Published in final edited form as: J Ethnopharmacol. 2011 Mar 21;135(2):590–593. doi: 10.1016/j.jep.2011.03.029

Traditional Medicine Collection Tracking System (TM-CTS): A Database for Ethnobotanically-Driven Drug-Discovery Programs

Eric S J Harris a,b,*,, Sean D Erickson c,*,, Andrew N Tolopko c, Shugeng Cao a, Jane A Craycroft b, Robert Scholten b, Yanling Fu d, Wenquan Wang e, Yong Liu e, Zhongzhen Zhao f, Jon Clardy a, Caroline E Shamu c,g, David M Eisenberg b,h
PMCID: PMC3096074  NIHMSID: NIHMS290227  PMID: 21420479

Abstract

Aim of the study.

Ethnobotanically-driven drug-discovery programs include data related to many aspects of the preparation of botanical medicines, from initial plant collection to chemical extraction and fractionation. The Traditional Medicine-Collection Tracking System (TM-CTS) was created to organize and store data of this type for an international collaborative project involving the systematic evaluation of commonly used Traditional Chinese Medicinal plants.

Materials and Methods.

The system was developed using domain-driven design techniques, and is implemented using Java, Hibernate, PostgreSQL, Business Intelligence and Reporting Tools (BIRT), and Apache Tomcat.

Results.

The TM-CTS relational database schema contains over 70 data types, comprising over 500 data fields. The system incorporates a number of unique features that are useful in the context of ethnobotanical projects such as support for information about botanical collection, method of processing, quality tests for plants with existing pharmacopoeia standards, chemical extraction and fractionation, and historical uses of the plants. The database also accommodates data provided in multiple languages and integration with a database system built to support high throughput screening based drug discovery efforts. It is accessed via a web-based application that provides extensive, multi-format reporting capabilities.

Conclusions.

This new database system was designed to support a project evaluating the bioactivity of Chinese medicinal plants. The software used to create the database is open source, freely available, and could potentially be applied to other ethnobotanically-driven natural product collection and drug-discovery programs.

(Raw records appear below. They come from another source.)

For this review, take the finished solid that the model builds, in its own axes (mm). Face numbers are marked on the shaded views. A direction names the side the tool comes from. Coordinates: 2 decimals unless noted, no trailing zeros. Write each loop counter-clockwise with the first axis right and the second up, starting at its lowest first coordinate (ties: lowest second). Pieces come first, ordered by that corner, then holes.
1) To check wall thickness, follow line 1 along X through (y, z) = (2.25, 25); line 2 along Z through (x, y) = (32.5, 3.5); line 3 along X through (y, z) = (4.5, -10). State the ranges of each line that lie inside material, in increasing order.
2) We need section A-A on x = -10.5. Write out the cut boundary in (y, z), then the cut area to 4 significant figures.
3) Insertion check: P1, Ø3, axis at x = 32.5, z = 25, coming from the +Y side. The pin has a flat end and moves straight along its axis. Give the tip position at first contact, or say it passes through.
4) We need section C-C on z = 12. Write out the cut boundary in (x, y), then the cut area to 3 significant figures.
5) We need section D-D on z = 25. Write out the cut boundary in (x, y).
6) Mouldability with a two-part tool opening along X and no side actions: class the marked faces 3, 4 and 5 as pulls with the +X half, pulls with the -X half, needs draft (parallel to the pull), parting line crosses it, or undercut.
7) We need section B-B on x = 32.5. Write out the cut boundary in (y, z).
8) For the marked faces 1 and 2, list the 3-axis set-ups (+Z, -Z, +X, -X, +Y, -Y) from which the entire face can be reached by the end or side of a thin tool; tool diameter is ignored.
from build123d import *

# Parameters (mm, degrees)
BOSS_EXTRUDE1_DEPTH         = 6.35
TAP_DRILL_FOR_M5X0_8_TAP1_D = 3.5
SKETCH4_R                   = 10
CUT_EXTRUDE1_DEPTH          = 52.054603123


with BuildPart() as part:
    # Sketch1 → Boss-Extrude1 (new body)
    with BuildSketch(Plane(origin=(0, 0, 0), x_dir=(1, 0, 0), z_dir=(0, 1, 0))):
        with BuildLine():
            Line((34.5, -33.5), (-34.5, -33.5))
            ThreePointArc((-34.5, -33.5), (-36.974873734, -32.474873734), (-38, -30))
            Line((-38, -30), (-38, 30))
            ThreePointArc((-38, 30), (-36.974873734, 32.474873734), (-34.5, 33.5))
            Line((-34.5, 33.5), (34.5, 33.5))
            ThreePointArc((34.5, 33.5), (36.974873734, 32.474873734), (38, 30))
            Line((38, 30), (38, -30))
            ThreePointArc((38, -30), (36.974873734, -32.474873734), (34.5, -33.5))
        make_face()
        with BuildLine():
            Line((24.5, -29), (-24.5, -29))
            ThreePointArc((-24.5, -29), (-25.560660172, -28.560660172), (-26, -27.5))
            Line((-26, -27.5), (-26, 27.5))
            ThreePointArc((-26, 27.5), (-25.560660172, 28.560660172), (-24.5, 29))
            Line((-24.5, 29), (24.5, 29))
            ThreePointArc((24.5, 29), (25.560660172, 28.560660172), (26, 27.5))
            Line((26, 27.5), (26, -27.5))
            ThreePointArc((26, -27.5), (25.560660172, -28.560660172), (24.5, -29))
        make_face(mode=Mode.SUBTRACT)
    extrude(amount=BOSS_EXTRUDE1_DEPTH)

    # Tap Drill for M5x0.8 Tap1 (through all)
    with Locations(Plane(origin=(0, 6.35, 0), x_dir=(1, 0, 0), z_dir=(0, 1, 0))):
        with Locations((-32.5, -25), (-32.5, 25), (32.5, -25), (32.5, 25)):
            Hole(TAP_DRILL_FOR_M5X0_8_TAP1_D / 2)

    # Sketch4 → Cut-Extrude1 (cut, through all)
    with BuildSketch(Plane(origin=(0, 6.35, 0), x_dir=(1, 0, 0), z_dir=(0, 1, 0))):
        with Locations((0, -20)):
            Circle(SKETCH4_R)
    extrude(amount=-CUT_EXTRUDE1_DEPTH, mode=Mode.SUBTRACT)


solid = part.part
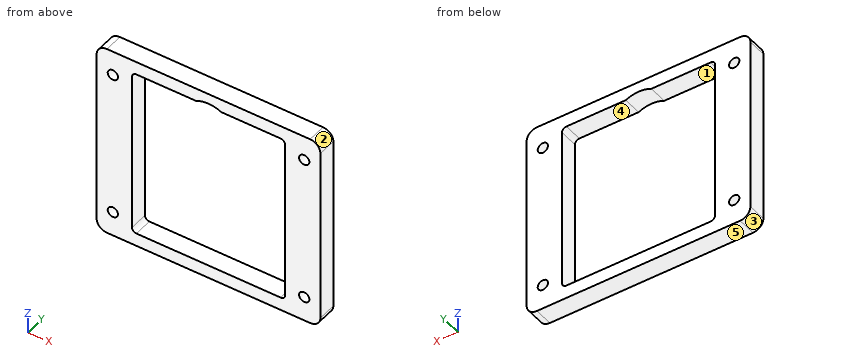
Result:
1. line 1: x = -38 to -34.25, -30.75 to -26, 26 to 30.75, 34.25 to 38
1. line 2: z = -33.5 to -26.75, -23.25 to 23.25, 26.75 to 33.5
1. line 3: x = -38 to -26, 26 to 38
2. outline: (0, -33.5) - (6.35, -33.5) - (6.35, -29) - (0, -29) - close; (0, 29) - (6.35, 29) - (6.35, 33.5) - (0, 33.5) - close
2. area: 57.15 mm2
3. P1: passes through
4. outline: (-38, 0) - (-26, 0) - (-26, 6.35) - (-38, 6.35) - close; (26, 0) - (38, 0) - (38, 6.35) - (26, 6.35) - close
4. area: 152 mm2
5. outline: (-38, 0) - (-34.25, 0) - (-34.25, 6.35) - (-38, 6.35) - close; (-30.75, 0) - (-26, 0) - (-26, 6.35) - (-30.75, 6.35) - close; (26, 0) - (30.75, 0) - (30.75, 6.35) - (26, 6.35) - close; (34.25, 0) - (38, 0) - (38, 6.35) - (34.25, 6.35) - close
6. face 3: pulls with the -X half
6. face 4: undercut
6. face 5: needs draft
7. outline: (0, -33.5) - (6.35, -33.5) - (6.35, -26.75) - (0, -26.75) - close; (0, -23.25) - (6.35, -23.25) - (6.35, 23.25) - (0, 23.25) - close; (0, 26.75) - (6.35, 26.75) - (6.35, 33.5) - (0, 33.5) - close
8. face 1: +Y, -Y
8. face 2: +Z, +X, +Y, -Y

Keywords: Database, Traditional Chinese Medicine, High Throughput Screening, Ethnobotany, Drug Discovery

1. Introduction

Recent survey results have demonstrated that 83 million adults in the United States use some form of complementary and alternative medicine, spending a total of $14.8 billion dollars per year on nonmineral, nonvitamin natural products, the majority of which consist of herbal medicines (Nahin et al., 2009). In light of these trends, an international collaborative project was initiated to create a screening library of more than 200 species of plants and fungi commonly used in Traditional Chinese Medicine (Eisenberg et al., 2011). The primary goal of the project was to evaluate this group of medicinal plants and fungi for their pharmacological properties and potential as novel therapeutics using high throughput screening techniques (“The Academic Pursuit of Screening,” 2007). The Traditional Medicine Collection Tracking System (TM-CTS) was created to support some of the data requirements of this project. The main objectives of the TM-CTS were to establish an information structure to support the inventory and tracking needs of the project, to ensure that the work was recorded in such a way that plants, plant extracts, and fractions could be prepared as reproducibly as possible should recollection be required in the future, and to share the data among an international group of collaborators. This paper briefly describes the rationale, content, methods, and implementation of the TM-CTS.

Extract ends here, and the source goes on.